[Task to complete] Set out exactly, and with nothing added, the line containing "table_cell Montaubanstraat [416, 326, 649, 352]" and every line after it through the final line of the data.

[Provided records]

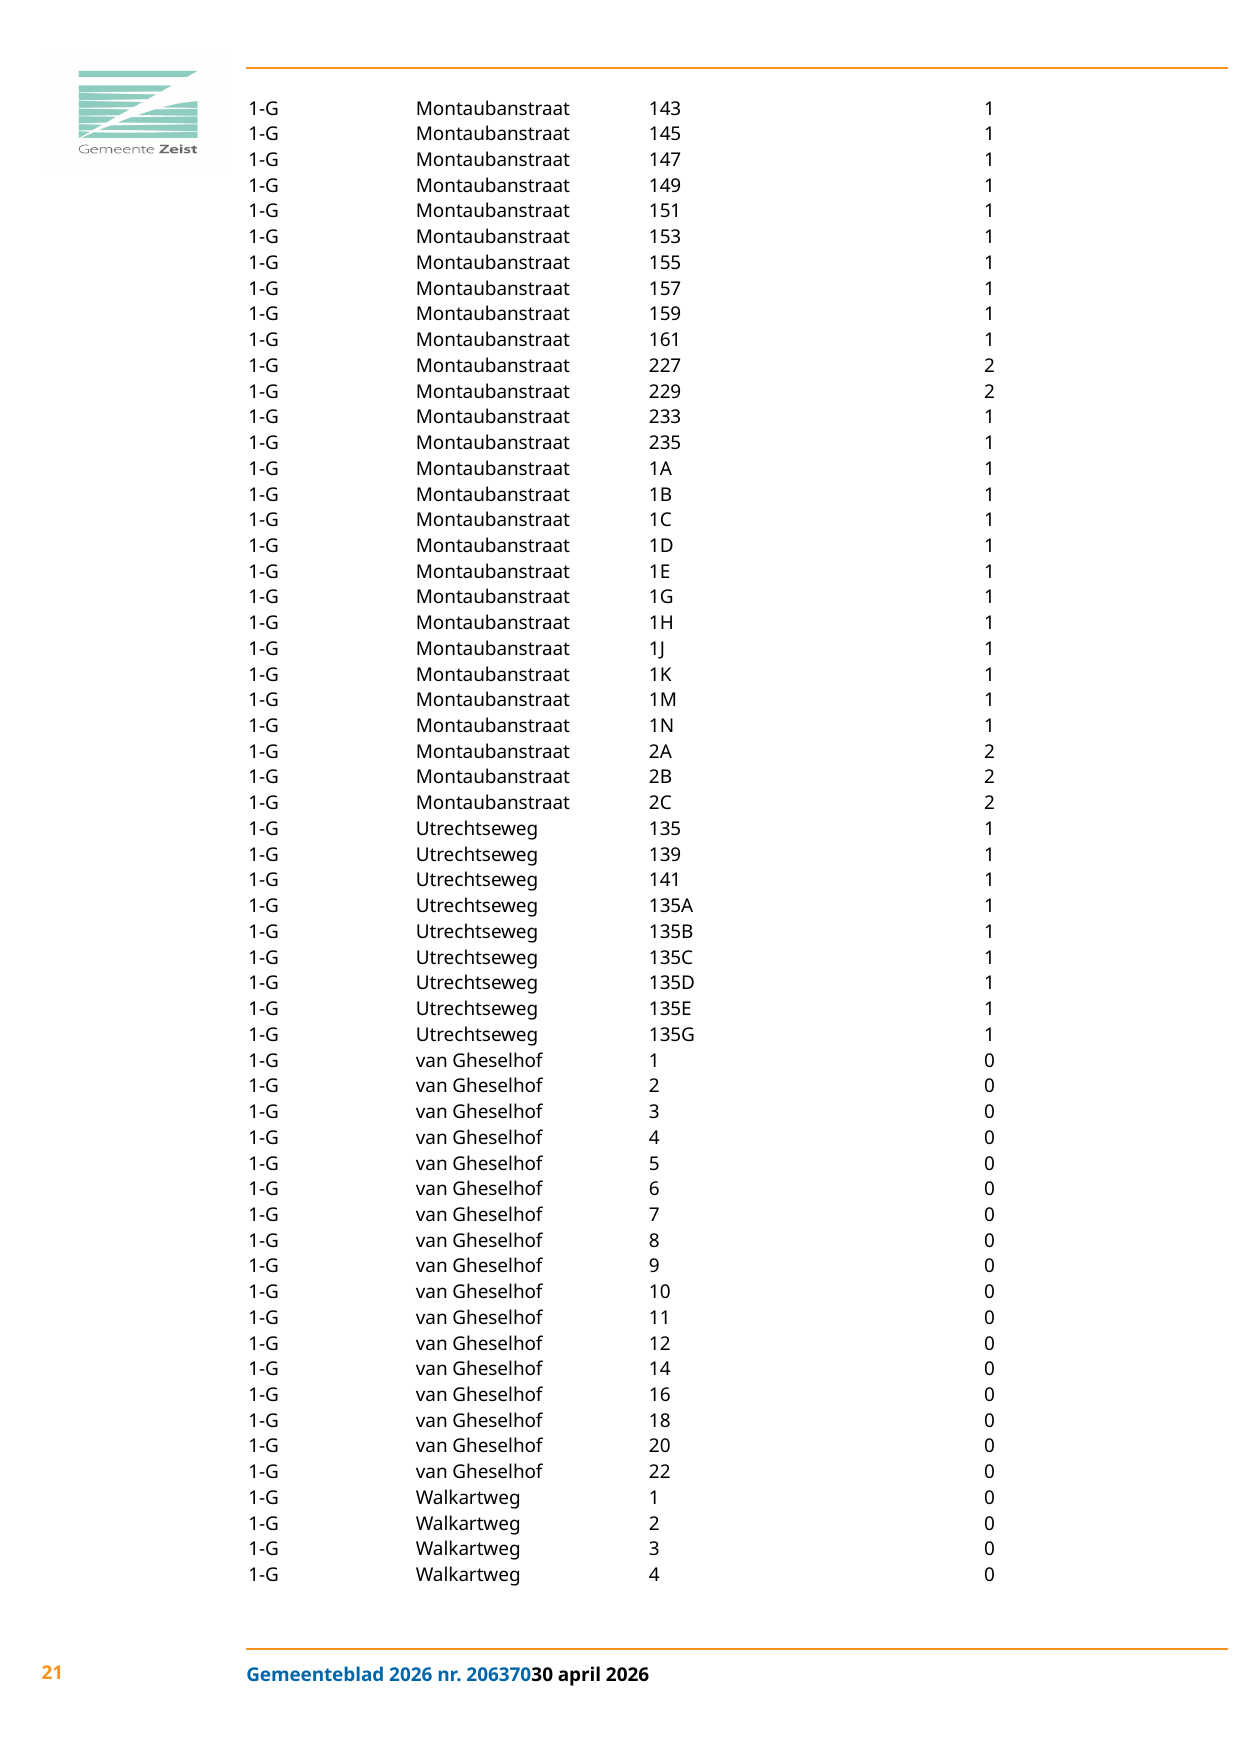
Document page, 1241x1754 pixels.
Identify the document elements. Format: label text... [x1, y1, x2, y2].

table_cell [816, 815, 984, 841]
table_cell 1-G [248, 867, 416, 892]
table_cell 0 [984, 1356, 1152, 1381]
table_cell 1K [649, 661, 816, 687]
table_cell [816, 790, 984, 815]
table_cell 1-G [248, 1459, 416, 1484]
table_cell 1 [984, 867, 1152, 892]
table_cell [816, 172, 984, 198]
table_cell 1-G [248, 95, 416, 121]
table_cell [816, 584, 984, 609]
table_cell [816, 1278, 984, 1304]
table_cell 159 [649, 301, 816, 326]
table_cell 1 [984, 687, 1152, 712]
table_cell 143 [649, 95, 816, 121]
table_cell 3 [649, 1536, 816, 1561]
table_cell 2 [984, 790, 1152, 815]
table_cell [816, 635, 984, 661]
table_cell 1 [984, 172, 1152, 198]
table_cell Montaubanstraat [416, 584, 649, 609]
table_cell 5 [649, 1150, 816, 1175]
table_cell [816, 1201, 984, 1227]
table_cell 0 [984, 1278, 1152, 1304]
table_cell 0 [984, 1253, 1152, 1278]
table_cell Montaubanstraat [416, 506, 649, 532]
table_cell 1-G [248, 1175, 416, 1201]
table_cell Utrechtseweg [416, 815, 649, 841]
table_cell van Gheselhof [416, 1253, 649, 1278]
table_cell Montaubanstraat [416, 429, 649, 455]
table_cell [816, 506, 984, 532]
table_cell [816, 1047, 984, 1072]
table_cell 1-G [248, 121, 416, 146]
table_cell Walkartweg [416, 1484, 649, 1510]
table_cell [816, 995, 984, 1021]
table_cell 1-G [248, 378, 416, 403]
table_cell 0 [984, 1098, 1152, 1124]
table_cell 2B [649, 764, 816, 789]
table_cell 1-G [248, 1047, 416, 1072]
table_cell [816, 429, 984, 455]
table_cell 1 [984, 841, 1152, 867]
table_cell [816, 1561, 984, 1587]
table_cell Utrechtseweg [416, 918, 649, 944]
table_cell 0 [984, 1304, 1152, 1330]
table_cell 1 [984, 944, 1152, 969]
table_cell 1G [649, 584, 816, 609]
table_cell 145 [649, 121, 816, 146]
table_cell 135B [649, 918, 816, 944]
table_cell 0 [984, 1124, 1152, 1150]
table_cell van Gheselhof [416, 1150, 649, 1175]
table_cell 8 [649, 1227, 816, 1253]
table_cell 151 [649, 198, 816, 223]
table_cell [816, 687, 984, 712]
table_cell Montaubanstraat [416, 172, 649, 198]
table_cell 1-G [248, 1150, 416, 1175]
table_cell 1-G [248, 1073, 416, 1098]
table_cell van Gheselhof [416, 1459, 649, 1484]
table_cell [816, 1073, 984, 1098]
table_cell Utrechtseweg [416, 867, 649, 892]
table_cell 20 [649, 1433, 816, 1458]
table_cell 1-G [248, 815, 416, 841]
table_cell 1D [649, 532, 816, 558]
table_cell 1-G [248, 1407, 416, 1433]
table_cell [816, 249, 984, 275]
table_cell [816, 352, 984, 378]
table_cell 1 [984, 455, 1152, 481]
table_cell 1-G [248, 738, 416, 764]
table_cell Montaubanstraat [416, 198, 649, 223]
table_cell [816, 841, 984, 867]
table_cell 1-G [248, 352, 416, 378]
table_cell 1-G [248, 146, 416, 172]
table_cell [816, 404, 984, 429]
table_cell 0 [984, 1073, 1152, 1098]
table_cell 141 [649, 867, 816, 892]
table_cell 1-G [248, 455, 416, 481]
table_cell [816, 275, 984, 301]
table_cell Utrechtseweg [416, 1021, 649, 1047]
table_cell Utrechtseweg [416, 995, 649, 1021]
table_cell 1 [984, 146, 1152, 172]
table_cell [816, 121, 984, 146]
table_cell 0 [984, 1407, 1152, 1433]
table_cell Montaubanstraat [416, 224, 649, 249]
table_cell 1 [984, 995, 1152, 1021]
table_cell 235 [649, 429, 816, 455]
table_cell [816, 918, 984, 944]
table_cell 0 [984, 1381, 1152, 1407]
table_cell 1-G [248, 275, 416, 301]
table_cell [816, 326, 984, 352]
table_cell 135C [649, 944, 816, 969]
table_cell [816, 481, 984, 506]
table_cell van Gheselhof [416, 1047, 649, 1072]
table_cell 161 [649, 326, 816, 352]
table_cell 1-G [248, 1304, 416, 1330]
table_cell Montaubanstraat [416, 275, 649, 301]
table_cell [816, 764, 984, 789]
table_cell 1-G [248, 661, 416, 687]
table_cell [816, 1484, 984, 1510]
table_cell 2 [984, 738, 1152, 764]
table_cell 1 [984, 301, 1152, 326]
table_cell 1 [984, 584, 1152, 609]
table_cell van Gheselhof [416, 1356, 649, 1381]
table_cell 1-G [248, 995, 416, 1021]
table_cell 0 [984, 1561, 1152, 1587]
table_cell 1-G [248, 532, 416, 558]
table_cell [816, 1150, 984, 1175]
table_cell 3 [649, 1098, 816, 1124]
table_cell van Gheselhof [416, 1433, 649, 1458]
table_cell 1-G [248, 635, 416, 661]
table_cell 0 [984, 1330, 1152, 1356]
table_cell 1-G [248, 301, 416, 326]
table_cell 0 [984, 1047, 1152, 1072]
table_cell Walkartweg [416, 1510, 649, 1536]
table_cell van Gheselhof [416, 1381, 649, 1407]
table_cell 18 [649, 1407, 816, 1433]
table_cell 6 [649, 1175, 816, 1201]
table_cell 0 [984, 1433, 1152, 1458]
table_cell [816, 558, 984, 584]
table_cell Walkartweg [416, 1536, 649, 1561]
table_cell 9 [649, 1253, 816, 1278]
table_cell 1-G [248, 918, 416, 944]
table_cell 4 [649, 1124, 816, 1150]
table_cell Montaubanstraat [416, 558, 649, 584]
table_cell Utrechtseweg [416, 893, 649, 918]
table_cell [816, 301, 984, 326]
table_cell van Gheselhof [416, 1227, 649, 1253]
table_cell 1 [984, 404, 1152, 429]
table_cell van Gheselhof [416, 1098, 649, 1124]
table_cell Montaubanstraat [416, 249, 649, 275]
table_cell 135 [649, 815, 816, 841]
table_cell 1C [649, 506, 816, 532]
table_cell 1 [984, 918, 1152, 944]
table_cell Montaubanstraat [416, 378, 649, 403]
table_cell Montaubanstraat [416, 661, 649, 687]
table_cell Montaubanstraat [416, 146, 649, 172]
table_cell 1 [984, 224, 1152, 249]
table_cell 227 [649, 352, 816, 378]
table_cell van Gheselhof [416, 1124, 649, 1150]
table_cell 135G [649, 1021, 816, 1047]
table_cell [816, 146, 984, 172]
table_cell 1-G [248, 326, 416, 352]
table_cell 1-G [248, 172, 416, 198]
table_cell 1-G [248, 224, 416, 249]
table_cell 233 [649, 404, 816, 429]
table_cell 1-G [248, 609, 416, 635]
table_cell [816, 455, 984, 481]
table_cell 2 [984, 378, 1152, 403]
table_cell Utrechtseweg [416, 944, 649, 969]
table_cell [816, 1381, 984, 1407]
table_cell [816, 1330, 984, 1356]
table_cell Montaubanstraat [416, 764, 649, 789]
table_cell 2A [649, 738, 816, 764]
table_cell 1 [984, 429, 1152, 455]
table_cell 14 [649, 1356, 816, 1381]
table_cell 1 [984, 558, 1152, 584]
table_cell 1 [984, 532, 1152, 558]
table_cell van Gheselhof [416, 1330, 649, 1356]
table_cell 1-G [248, 1227, 416, 1253]
table_cell [816, 1304, 984, 1330]
table_cell 1 [984, 506, 1152, 532]
table_cell Montaubanstraat [416, 404, 649, 429]
table_cell 1 [984, 815, 1152, 841]
table_cell 1-G [248, 893, 416, 918]
table_cell 0 [984, 1459, 1152, 1484]
table_cell [816, 712, 984, 738]
table_cell 1-G [248, 1098, 416, 1124]
table_cell 1 [984, 198, 1152, 223]
table_cell 139 [649, 841, 816, 867]
table_cell 1A [649, 455, 816, 481]
table_cell [816, 1227, 984, 1253]
table_cell 1 [984, 249, 1152, 275]
table_cell 155 [649, 249, 816, 275]
table_cell 1-G [248, 1484, 416, 1510]
table_cell [816, 224, 984, 249]
table_cell 1-G [248, 1561, 416, 1587]
table_cell 1-G [248, 944, 416, 969]
table_cell [816, 1536, 984, 1561]
table_cell 1-G [248, 712, 416, 738]
table_cell van Gheselhof [416, 1304, 649, 1330]
table_cell 1-G [248, 1536, 416, 1561]
table_cell Montaubanstraat [416, 95, 649, 121]
table_cell 1 [984, 481, 1152, 506]
table_cell [816, 1021, 984, 1047]
table_cell van Gheselhof [416, 1201, 649, 1227]
table_cell 1 [984, 1021, 1152, 1047]
table_cell 2 [649, 1510, 816, 1536]
table_cell 0 [984, 1150, 1152, 1175]
table_cell 2 [649, 1073, 816, 1098]
table_cell van Gheselhof [416, 1407, 649, 1433]
table_cell 153 [649, 224, 816, 249]
table_cell Montaubanstraat [416, 738, 649, 764]
table_cell Montaubanstraat [416, 481, 649, 506]
table_cell 1 [984, 121, 1152, 146]
table_cell [816, 867, 984, 892]
table_cell [816, 1459, 984, 1484]
table_cell 1N [649, 712, 816, 738]
table_cell 1 [984, 609, 1152, 635]
table_cell 0 [984, 1201, 1152, 1227]
table_cell [816, 661, 984, 687]
table_cell 1-G [248, 1124, 416, 1150]
table_cell 1 [984, 712, 1152, 738]
table_cell 1-G [248, 790, 416, 815]
table_cell 1-G [248, 970, 416, 995]
table_cell Montaubanstraat [416, 712, 649, 738]
table_cell [816, 1433, 984, 1458]
table_cell 11 [649, 1304, 816, 1330]
table_cell 1H [649, 609, 816, 635]
table_cell 1 [984, 275, 1152, 301]
table_cell 1B [649, 481, 816, 506]
table_cell 0 [984, 1536, 1152, 1561]
table_cell Montaubanstraat [416, 121, 649, 146]
table_cell [816, 1175, 984, 1201]
table_cell 1-G [248, 584, 416, 609]
table_cell Montaubanstraat [416, 301, 649, 326]
table_cell Utrechtseweg [416, 970, 649, 995]
table_cell 1 [984, 970, 1152, 995]
table_cell 1 [984, 661, 1152, 687]
table_cell [816, 378, 984, 403]
table_cell [816, 1356, 984, 1381]
table_cell 1-G [248, 481, 416, 506]
table_cell Walkartweg [416, 1561, 649, 1587]
table_cell 16 [649, 1381, 816, 1407]
table_cell 1J [649, 635, 816, 661]
table_cell 1E [649, 558, 816, 584]
table_cell 1-G [248, 1278, 416, 1304]
table_cell [816, 532, 984, 558]
table_cell [816, 198, 984, 223]
table_cell 1 [984, 95, 1152, 121]
table_cell Montaubanstraat [416, 455, 649, 481]
table_cell [816, 970, 984, 995]
table_cell 135E [649, 995, 816, 1021]
table_cell 149 [649, 172, 816, 198]
table_cell 1 [984, 635, 1152, 661]
table_cell [816, 1124, 984, 1150]
table_cell 1-G [248, 249, 416, 275]
table_cell van Gheselhof [416, 1073, 649, 1098]
table_cell 1 [984, 893, 1152, 918]
table_cell [816, 95, 984, 121]
table_cell 1-G [248, 841, 416, 867]
table_cell 1M [649, 687, 816, 712]
table_cell van Gheselhof [416, 1278, 649, 1304]
table_cell Utrechtseweg [416, 841, 649, 867]
table_cell 12 [649, 1330, 816, 1356]
table_cell 1-G [248, 1381, 416, 1407]
table_cell 1-G [248, 429, 416, 455]
table_cell 2 [984, 764, 1152, 789]
table_cell [816, 893, 984, 918]
table_cell 0 [984, 1510, 1152, 1536]
table_cell 0 [984, 1227, 1152, 1253]
table_cell Montaubanstraat [416, 790, 649, 815]
table_cell [816, 1098, 984, 1124]
table_cell [816, 738, 984, 764]
picture [41, 47, 231, 172]
table_cell van Gheselhof [416, 1175, 649, 1201]
table_cell [816, 609, 984, 635]
table_cell 22 [649, 1459, 816, 1484]
table_cell 2 [984, 352, 1152, 378]
table_cell Montaubanstraat [416, 635, 649, 661]
table_cell 157 [649, 275, 816, 301]
table_cell Montaubanstraat [416, 687, 649, 712]
table_cell 1 [984, 326, 1152, 352]
table_cell [816, 1253, 984, 1278]
table_cell 4 [649, 1561, 816, 1587]
table_cell [816, 944, 984, 969]
table_cell Montaubanstraat [416, 532, 649, 558]
table_cell [816, 1510, 984, 1536]
table_cell Montaubanstraat [416, 326, 649, 352]
table_cell 1-G [248, 1021, 416, 1047]
table_cell 135A [649, 893, 816, 918]
table_cell 1-G [248, 558, 416, 584]
table_cell 147 [649, 146, 816, 172]
table_cell 135D [649, 970, 816, 995]
table_cell Montaubanstraat [416, 609, 649, 635]
table_cell 1-G [248, 1330, 416, 1356]
table_cell 7 [649, 1201, 816, 1227]
table_cell 1 [649, 1484, 816, 1510]
table_cell 0 [984, 1484, 1152, 1510]
table_cell 1-G [248, 1510, 416, 1536]
table_cell 1-G [248, 1201, 416, 1227]
table_cell 1-G [248, 506, 416, 532]
table_cell 1 [649, 1047, 816, 1072]
table_cell 1-G [248, 1356, 416, 1381]
table_cell 1-G [248, 1433, 416, 1458]
table_cell 1-G [248, 687, 416, 712]
table_cell [816, 1407, 984, 1433]
table_cell 1-G [248, 198, 416, 223]
table_cell 1-G [248, 764, 416, 789]
table_cell 0 [984, 1175, 1152, 1201]
table_cell 1-G [248, 1253, 416, 1278]
table_cell Montaubanstraat [416, 352, 649, 378]
table_cell 229 [649, 378, 816, 403]
table_cell 1-G [248, 404, 416, 429]
table_cell 2C [649, 790, 816, 815]
table_cell 10 [649, 1278, 816, 1304]

[Written answer]
table_cell Montaubanstraat [416, 326, 649, 352]
table_cell 1-G [248, 1021, 416, 1047]
table_cell 135A [649, 893, 816, 918]
table_cell 1-G [248, 558, 416, 584]
table_cell 147 [649, 146, 816, 172]
table_cell 135D [649, 970, 816, 995]
table_cell Montaubanstraat [416, 609, 649, 635]
table_cell 1-G [248, 1330, 416, 1356]
table_cell 7 [649, 1201, 816, 1227]
table_cell 1 [649, 1484, 816, 1510]
table_cell 0 [984, 1484, 1152, 1510]
table_cell 1-G [248, 1510, 416, 1536]
table_cell 1-G [248, 1201, 416, 1227]
table_cell 1-G [248, 506, 416, 532]
table_cell 1 [649, 1047, 816, 1072]
table_cell 1-G [248, 1356, 416, 1381]
table_cell 1-G [248, 1433, 416, 1458]
table_cell 1-G [248, 687, 416, 712]
table_cell [816, 1407, 984, 1433]
table_cell 1-G [248, 198, 416, 223]
table_cell 1-G [248, 764, 416, 789]
table_cell 0 [984, 1175, 1152, 1201]
table_cell 1-G [248, 1253, 416, 1278]
table_cell Montaubanstraat [416, 352, 649, 378]
table_cell 229 [649, 378, 816, 403]
table_cell 1-G [248, 404, 416, 429]
table_cell 2C [649, 790, 816, 815]
table_cell 10 [649, 1278, 816, 1304]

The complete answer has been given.